Here are some simple steps you can take to work out safely--and enjoyably--at this time of year.


Coping with the cold

Layer for warmth. In winter, exercise clothes should keep you warm and allow sweat to escape, and layers allow you to shed or add as needed. For underwear and socks, fabrics that whisk moisture away from the skin are best. Follow that with a middle layer of wool or synthetic fleece, and top it off with a nylon or breathable synthetic (such as Gore-Tex) wind- and water-resistant jacket. Cotton clothing retains moisture--an unwelcome companion.

Drink up. It's not just your thirst you'll satisfy. Water helps your body regulate temperature better, a vital thing when moving from warm indoor temperatures to cold outside.

Start slow. Jog or walk a few minutes, or slowly work your body through the movements you'll be making more strenuously later, gradually building your intensity. Walk around slowly afterward until your heart is near its resting rate.

See and be seen. If you work out before sunrise or after sunset, wear white or bright outer layers or a reflective vest, or even tack one of those blinking red lights onto yourself or your bike. (See our Ratings of bikes, available to ConsumerReports.org subscribers.)


Indoor options

Try toys. Dumbbells, resistance bands, stability balls and more are available to keep your workout humming, not humdrum.

Use a machine. If your wallet allows, a workout machine can help keep workouts interesting. For aerobic training, try a treadmill, bike, ski machine, or elliptical machine. For strength training, try a home gym. (See our Ratings of ellipticals, treadmills, and exercise bikes, available to ConsumerReports.org subscribers.)

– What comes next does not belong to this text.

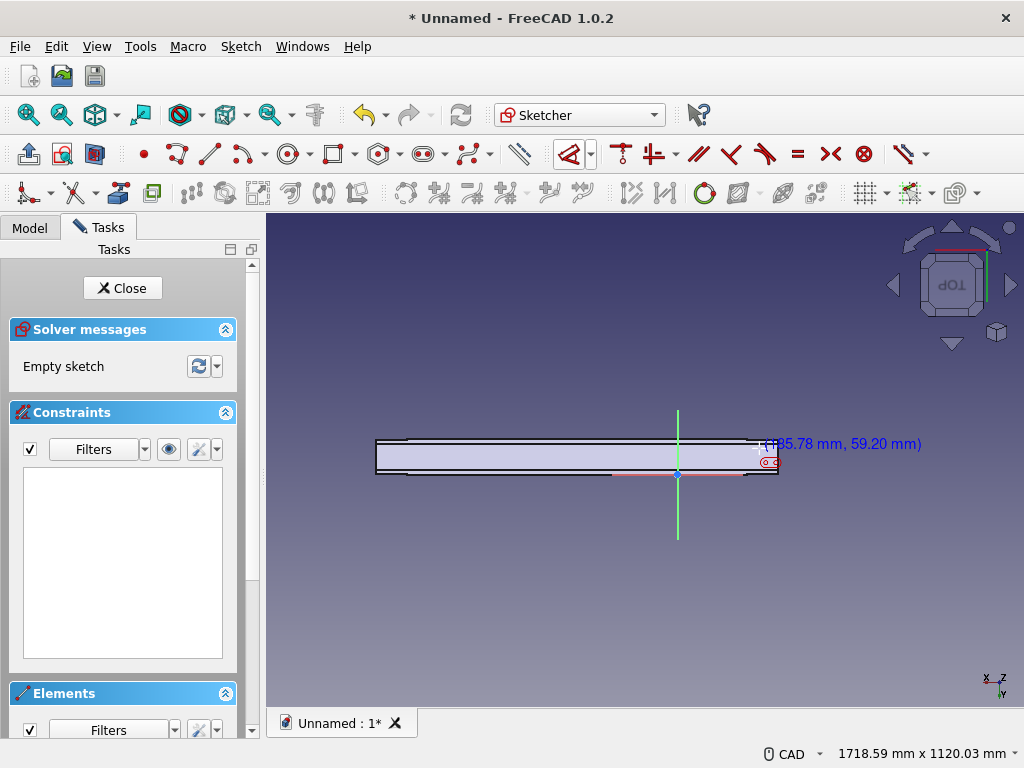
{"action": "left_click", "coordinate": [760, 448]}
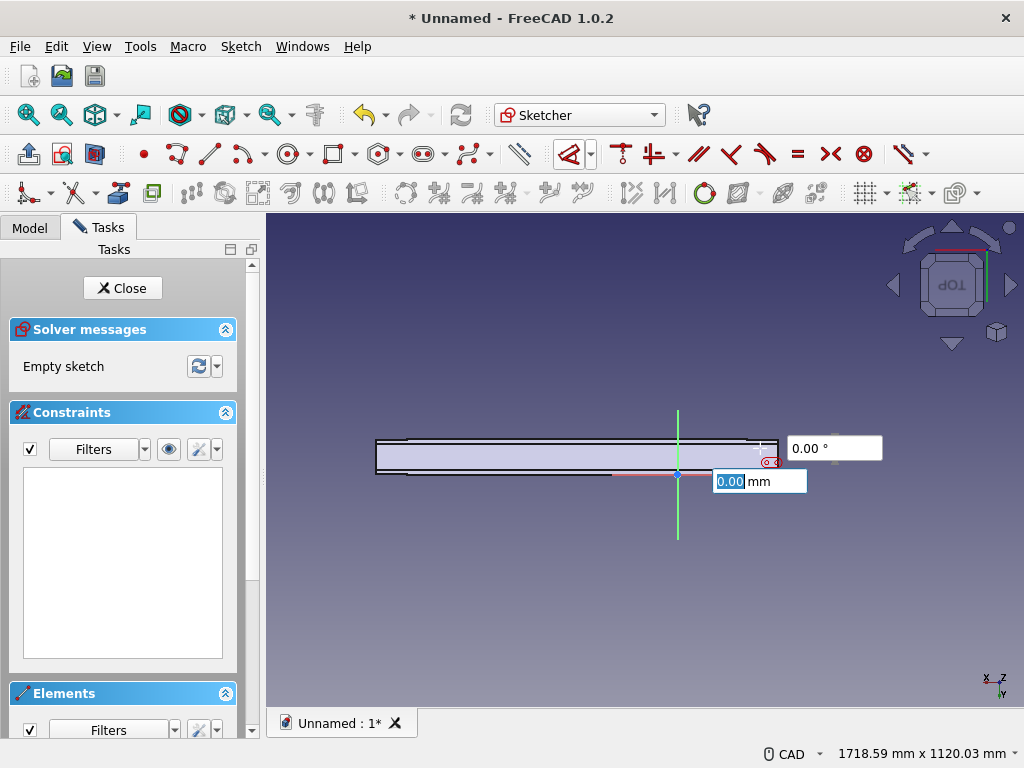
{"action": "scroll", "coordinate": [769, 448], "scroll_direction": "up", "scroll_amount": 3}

Workout videos. The idea isn't new, but there's a lot of new content. You can choose from hundreds of available titles, and you can some from the video store or library before you buy.

Join a gym or sports league. Meet like-minded exercisers or play a sport you like in a structured, and more motivating, setting.

Take the stairs. Clean the house. Go for a walk. These basics can increase your heart rate and up your daily exercise quota.